* [WORK INSTRUCTION] Set down, please, exactly the lines below that run from the line with "graphs - 8.6.0</a></li>" to the line with "install: [make &quot;install&quot;]", both lines included.

* [Data extracted from a collection]
= Beginning of Section =
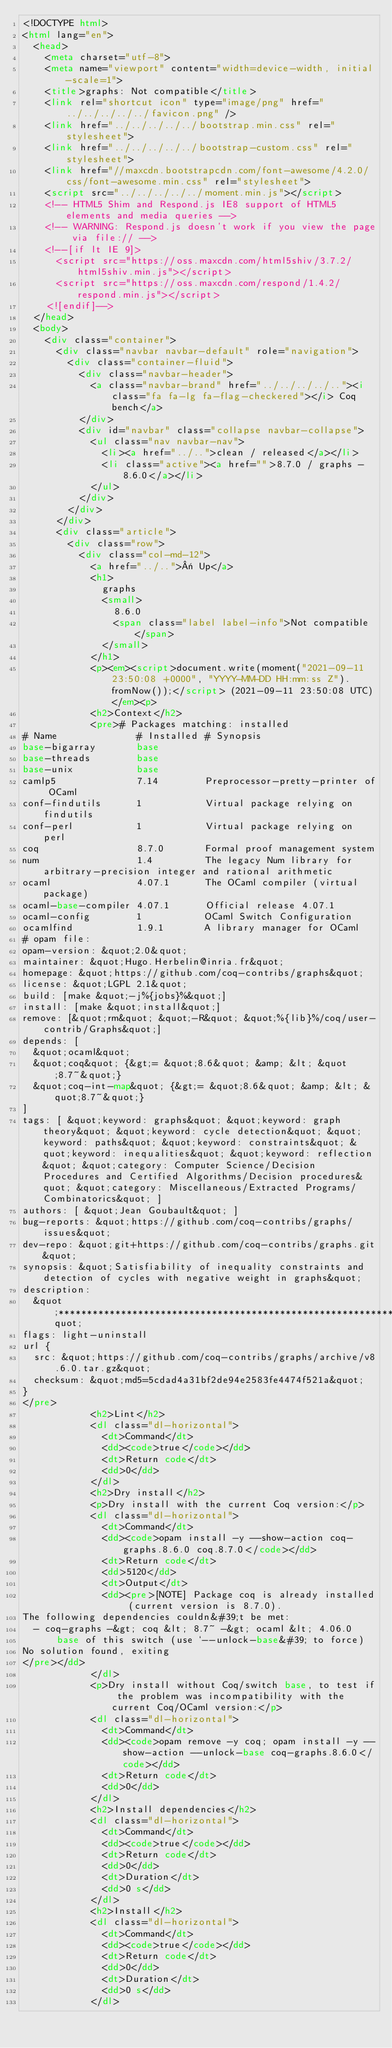<code> <loc_0><loc_0><loc_500><loc_500><_HTML_><!DOCTYPE html>
<html lang="en">
  <head>
    <meta charset="utf-8">
    <meta name="viewport" content="width=device-width, initial-scale=1">
    <title>graphs: Not compatible</title>
    <link rel="shortcut icon" type="image/png" href="../../../../../favicon.png" />
    <link href="../../../../../bootstrap.min.css" rel="stylesheet">
    <link href="../../../../../bootstrap-custom.css" rel="stylesheet">
    <link href="//maxcdn.bootstrapcdn.com/font-awesome/4.2.0/css/font-awesome.min.css" rel="stylesheet">
    <script src="../../../../../moment.min.js"></script>
    <!-- HTML5 Shim and Respond.js IE8 support of HTML5 elements and media queries -->
    <!-- WARNING: Respond.js doesn't work if you view the page via file:// -->
    <!--[if lt IE 9]>
      <script src="https://oss.maxcdn.com/html5shiv/3.7.2/html5shiv.min.js"></script>
      <script src="https://oss.maxcdn.com/respond/1.4.2/respond.min.js"></script>
    <![endif]-->
  </head>
  <body>
    <div class="container">
      <div class="navbar navbar-default" role="navigation">
        <div class="container-fluid">
          <div class="navbar-header">
            <a class="navbar-brand" href="../../../../.."><i class="fa fa-lg fa-flag-checkered"></i> Coq bench</a>
          </div>
          <div id="navbar" class="collapse navbar-collapse">
            <ul class="nav navbar-nav">
              <li><a href="../..">clean / released</a></li>
              <li class="active"><a href="">8.7.0 / graphs - 8.6.0</a></li>
            </ul>
          </div>
        </div>
      </div>
      <div class="article">
        <div class="row">
          <div class="col-md-12">
            <a href="../..">« Up</a>
            <h1>
              graphs
              <small>
                8.6.0
                <span class="label label-info">Not compatible</span>
              </small>
            </h1>
            <p><em><script>document.write(moment("2021-09-11 23:50:08 +0000", "YYYY-MM-DD HH:mm:ss Z").fromNow());</script> (2021-09-11 23:50:08 UTC)</em><p>
            <h2>Context</h2>
            <pre># Packages matching: installed
# Name              # Installed # Synopsis
base-bigarray       base
base-threads        base
base-unix           base
camlp5              7.14        Preprocessor-pretty-printer of OCaml
conf-findutils      1           Virtual package relying on findutils
conf-perl           1           Virtual package relying on perl
coq                 8.7.0       Formal proof management system
num                 1.4         The legacy Num library for arbitrary-precision integer and rational arithmetic
ocaml               4.07.1      The OCaml compiler (virtual package)
ocaml-base-compiler 4.07.1      Official release 4.07.1
ocaml-config        1           OCaml Switch Configuration
ocamlfind           1.9.1       A library manager for OCaml
# opam file:
opam-version: &quot;2.0&quot;
maintainer: &quot;Hugo.Herbelin@inria.fr&quot;
homepage: &quot;https://github.com/coq-contribs/graphs&quot;
license: &quot;LGPL 2.1&quot;
build: [make &quot;-j%{jobs}%&quot;]
install: [make &quot;install&quot;]
remove: [&quot;rm&quot; &quot;-R&quot; &quot;%{lib}%/coq/user-contrib/Graphs&quot;]
depends: [
  &quot;ocaml&quot;
  &quot;coq&quot; {&gt;= &quot;8.6&quot; &amp; &lt; &quot;8.7~&quot;}
  &quot;coq-int-map&quot; {&gt;= &quot;8.6&quot; &amp; &lt; &quot;8.7~&quot;}
]
tags: [ &quot;keyword: graphs&quot; &quot;keyword: graph theory&quot; &quot;keyword: cycle detection&quot; &quot;keyword: paths&quot; &quot;keyword: constraints&quot; &quot;keyword: inequalities&quot; &quot;keyword: reflection&quot; &quot;category: Computer Science/Decision Procedures and Certified Algorithms/Decision procedures&quot; &quot;category: Miscellaneous/Extracted Programs/Combinatorics&quot; ]
authors: [ &quot;Jean Goubault&quot; ]
bug-reports: &quot;https://github.com/coq-contribs/graphs/issues&quot;
dev-repo: &quot;git+https://github.com/coq-contribs/graphs.git&quot;
synopsis: &quot;Satisfiability of inequality constraints and detection of cycles with negative weight in graphs&quot;
description:
  &quot;*******************************************************************&quot;
flags: light-uninstall
url {
  src: &quot;https://github.com/coq-contribs/graphs/archive/v8.6.0.tar.gz&quot;
  checksum: &quot;md5=5cdad4a31bf2de94e2583fe4474f521a&quot;
}
</pre>
            <h2>Lint</h2>
            <dl class="dl-horizontal">
              <dt>Command</dt>
              <dd><code>true</code></dd>
              <dt>Return code</dt>
              <dd>0</dd>
            </dl>
            <h2>Dry install</h2>
            <p>Dry install with the current Coq version:</p>
            <dl class="dl-horizontal">
              <dt>Command</dt>
              <dd><code>opam install -y --show-action coq-graphs.8.6.0 coq.8.7.0</code></dd>
              <dt>Return code</dt>
              <dd>5120</dd>
              <dt>Output</dt>
              <dd><pre>[NOTE] Package coq is already installed (current version is 8.7.0).
The following dependencies couldn&#39;t be met:
  - coq-graphs -&gt; coq &lt; 8.7~ -&gt; ocaml &lt; 4.06.0
      base of this switch (use `--unlock-base&#39; to force)
No solution found, exiting
</pre></dd>
            </dl>
            <p>Dry install without Coq/switch base, to test if the problem was incompatibility with the current Coq/OCaml version:</p>
            <dl class="dl-horizontal">
              <dt>Command</dt>
              <dd><code>opam remove -y coq; opam install -y --show-action --unlock-base coq-graphs.8.6.0</code></dd>
              <dt>Return code</dt>
              <dd>0</dd>
            </dl>
            <h2>Install dependencies</h2>
            <dl class="dl-horizontal">
              <dt>Command</dt>
              <dd><code>true</code></dd>
              <dt>Return code</dt>
              <dd>0</dd>
              <dt>Duration</dt>
              <dd>0 s</dd>
            </dl>
            <h2>Install</h2>
            <dl class="dl-horizontal">
              <dt>Command</dt>
              <dd><code>true</code></dd>
              <dt>Return code</dt>
              <dd>0</dd>
              <dt>Duration</dt>
              <dd>0 s</dd>
            </dl></code> 
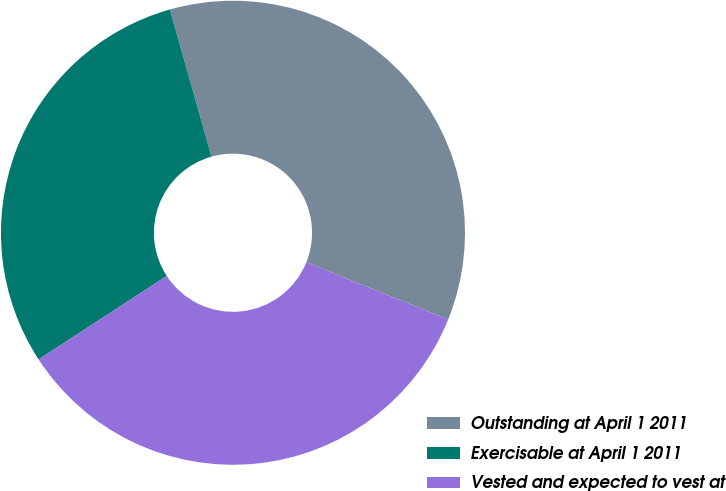<chart> <loc_0><loc_0><loc_500><loc_500><pie_chart><fcel>Outstanding at April 1 2011<fcel>Exercisable at April 1 2011<fcel>Vested and expected to vest at<nl><fcel>35.48%<fcel>29.81%<fcel>34.71%<nl></chart> 
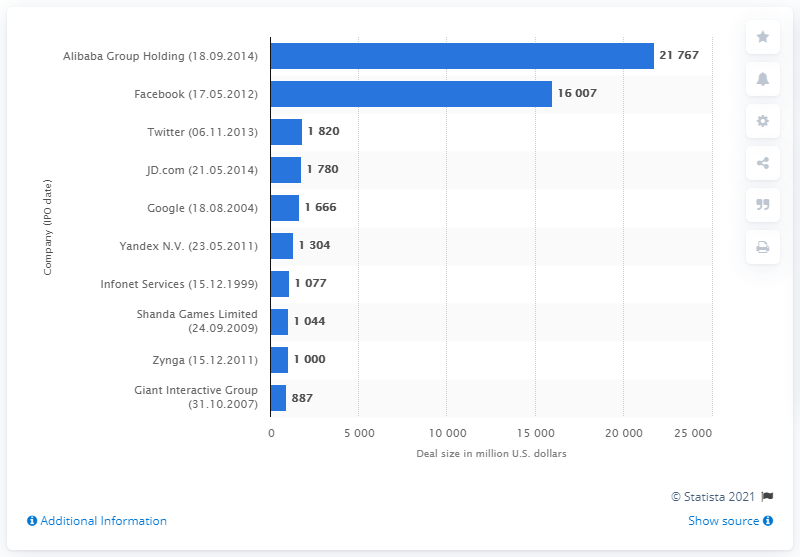Identify some key points in this picture. The initial public offering (IPO) of Facebook raised 16007. 
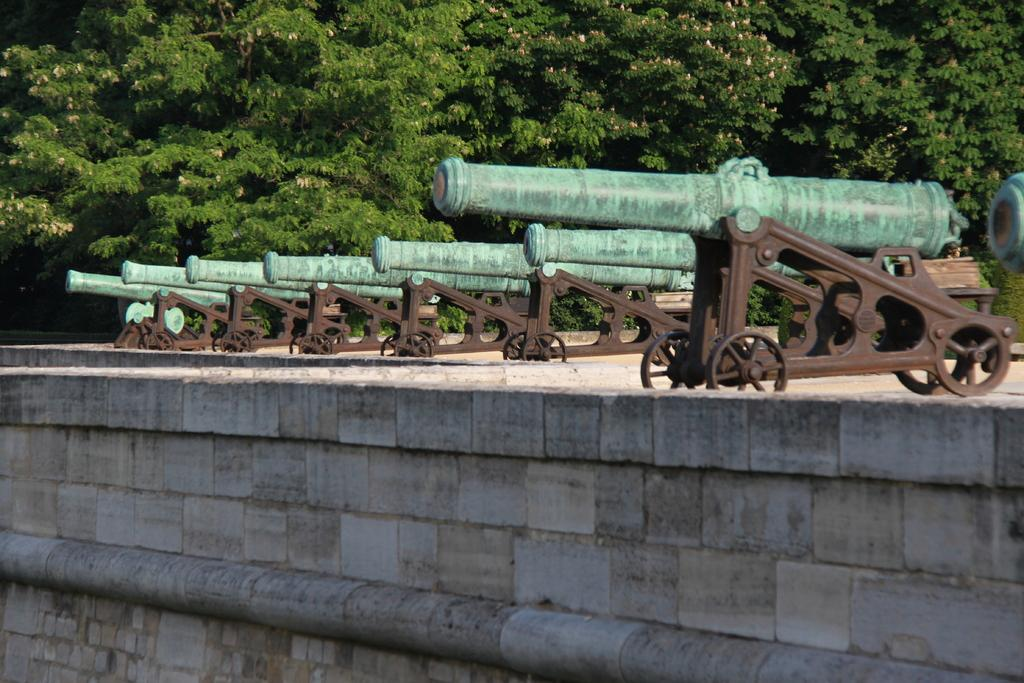What objects are on the floor in the image? There are cannons on the floor in the image. What is visible in the background of the image? There is a wall visible in the image. What type of vegetation can be seen in the image? There are trees in the image. Can you see a kitty smiling in the image? There is no kitty or smile present in the image. What type of brass material can be seen in the image? There is no brass material mentioned or visible in the image. 
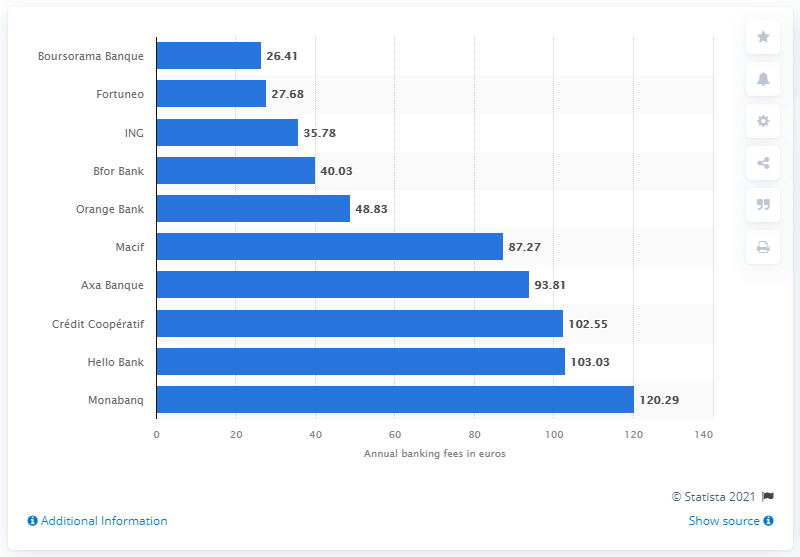Indicate a few pertinent items in this graphic. Boursorama Banque was the most affordable bank in France in 2020. 
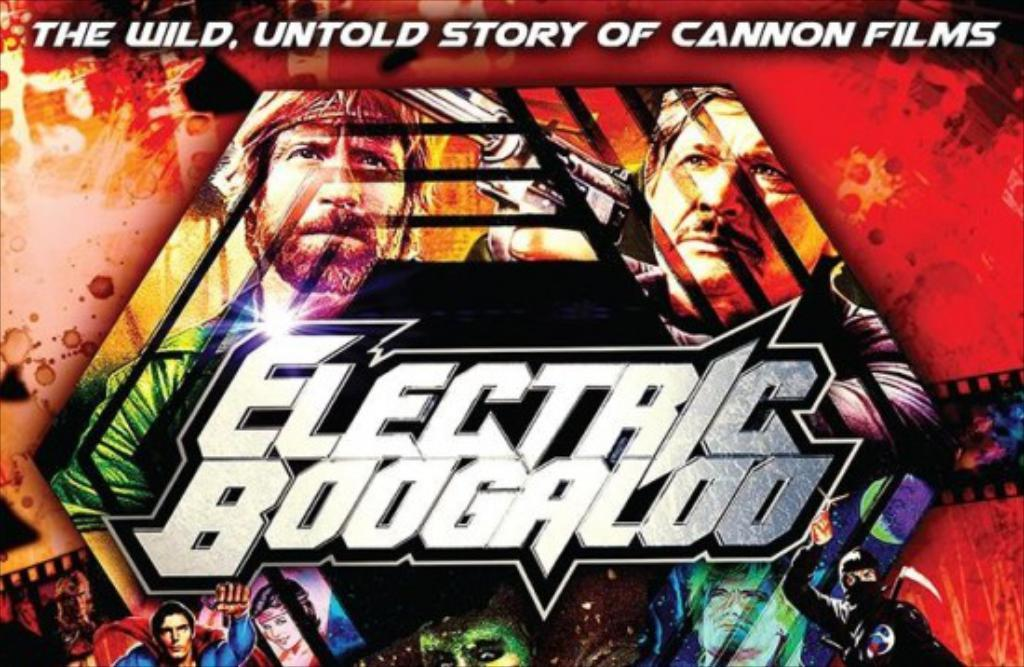What is present in the image that contains visual information? There is a poster in the image. What type of content is depicted on the poster? The poster contains images of persons. Is there any textual information on the poster? Yes, there is text written on the poster. What is the price of the play depicted on the waves in the image? There is no mention of a play or waves in the image, and therefore no price can be determined. 
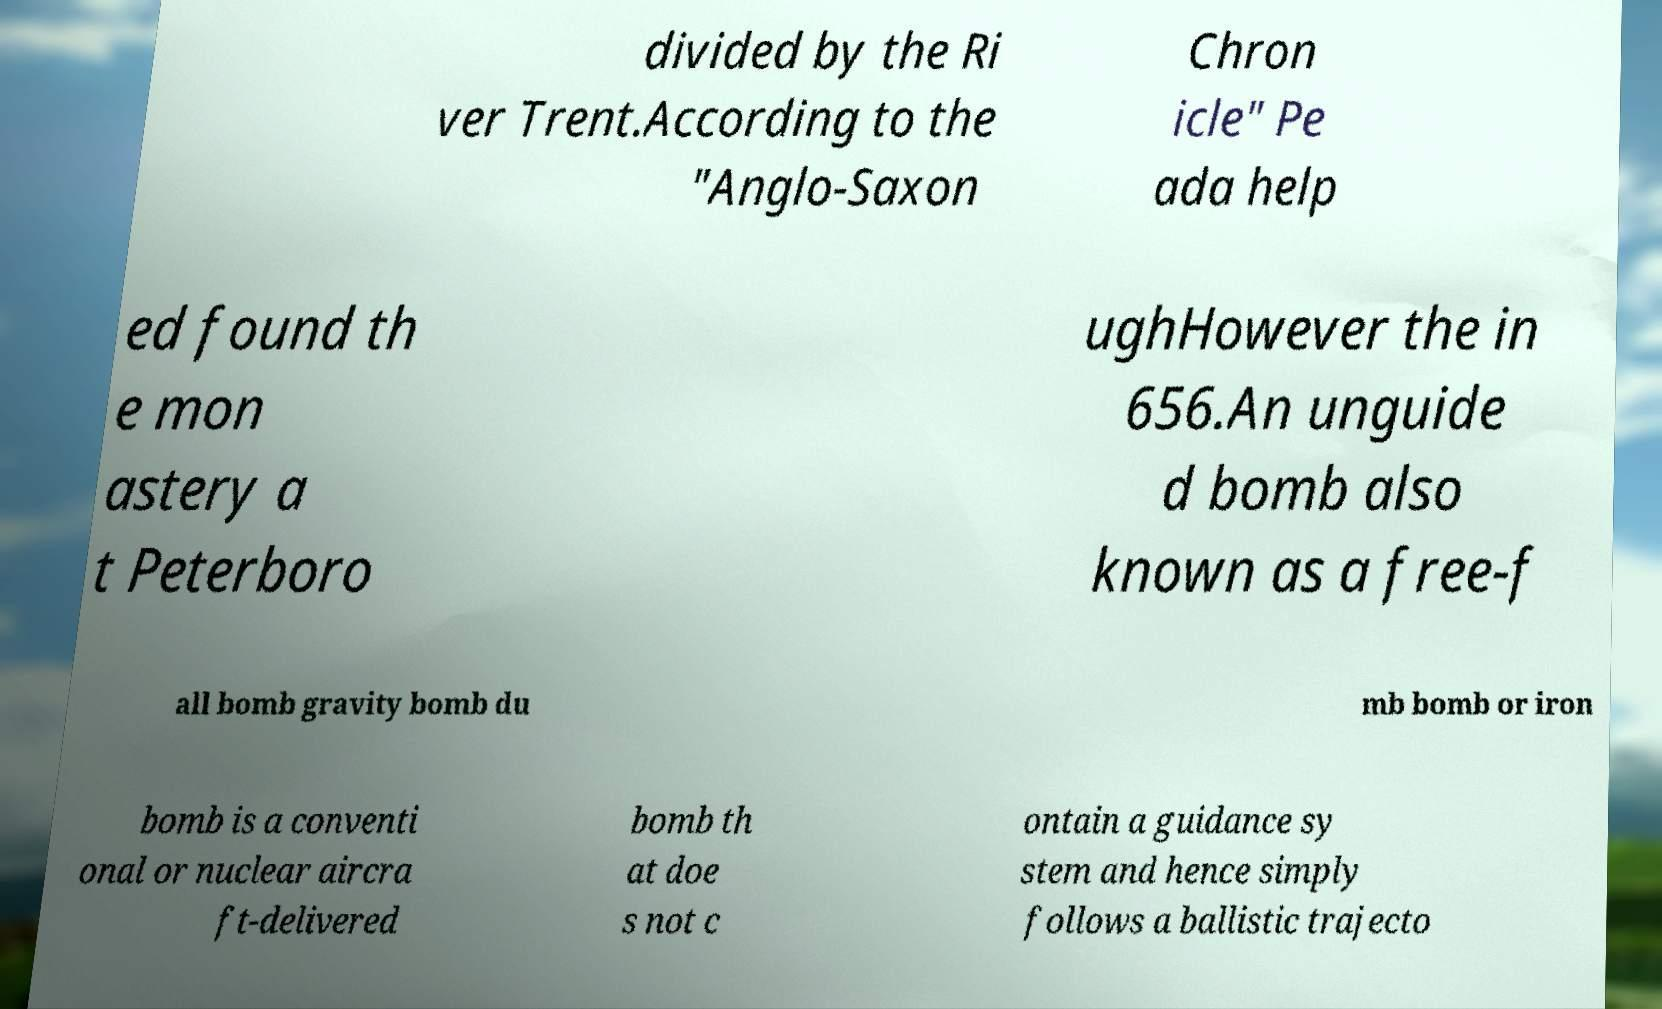Please identify and transcribe the text found in this image. divided by the Ri ver Trent.According to the "Anglo-Saxon Chron icle" Pe ada help ed found th e mon astery a t Peterboro ughHowever the in 656.An unguide d bomb also known as a free-f all bomb gravity bomb du mb bomb or iron bomb is a conventi onal or nuclear aircra ft-delivered bomb th at doe s not c ontain a guidance sy stem and hence simply follows a ballistic trajecto
= End of Section =
* [TASK ANSWER]
              <li class="active"><a href="">8.7.0 / graphs - 8.6.0</a></li>
            </ul>
          </div>
        </div>
      </div>
      <div class="article">
        <div class="row">
          <div class="col-md-12">
            <a href="../..">« Up</a>
            <h1>
              graphs
              <small>
                8.6.0
                <span class="label label-info">Not compatible</span>
              </small>
            </h1>
            <p><em><script>document.write(moment("2021-09-11 23:50:08 +0000", "YYYY-MM-DD HH:mm:ss Z").fromNow());</script> (2021-09-11 23:50:08 UTC)</em><p>
            <h2>Context</h2>
            <pre># Packages matching: installed
# Name              # Installed # Synopsis
base-bigarray       base
base-threads        base
base-unix           base
camlp5              7.14        Preprocessor-pretty-printer of OCaml
conf-findutils      1           Virtual package relying on findutils
conf-perl           1           Virtual package relying on perl
coq                 8.7.0       Formal proof management system
num                 1.4         The legacy Num library for arbitrary-precision integer and rational arithmetic
ocaml               4.07.1      The OCaml compiler (virtual package)
ocaml-base-compiler 4.07.1      Official release 4.07.1
ocaml-config        1           OCaml Switch Configuration
ocamlfind           1.9.1       A library manager for OCaml
# opam file:
opam-version: &quot;2.0&quot;
maintainer: &quot;Hugo.Herbelin@inria.fr&quot;
homepage: &quot;https://github.com/coq-contribs/graphs&quot;
license: &quot;LGPL 2.1&quot;
build: [make &quot;-j%{jobs}%&quot;]
install: [make &quot;install&quot;]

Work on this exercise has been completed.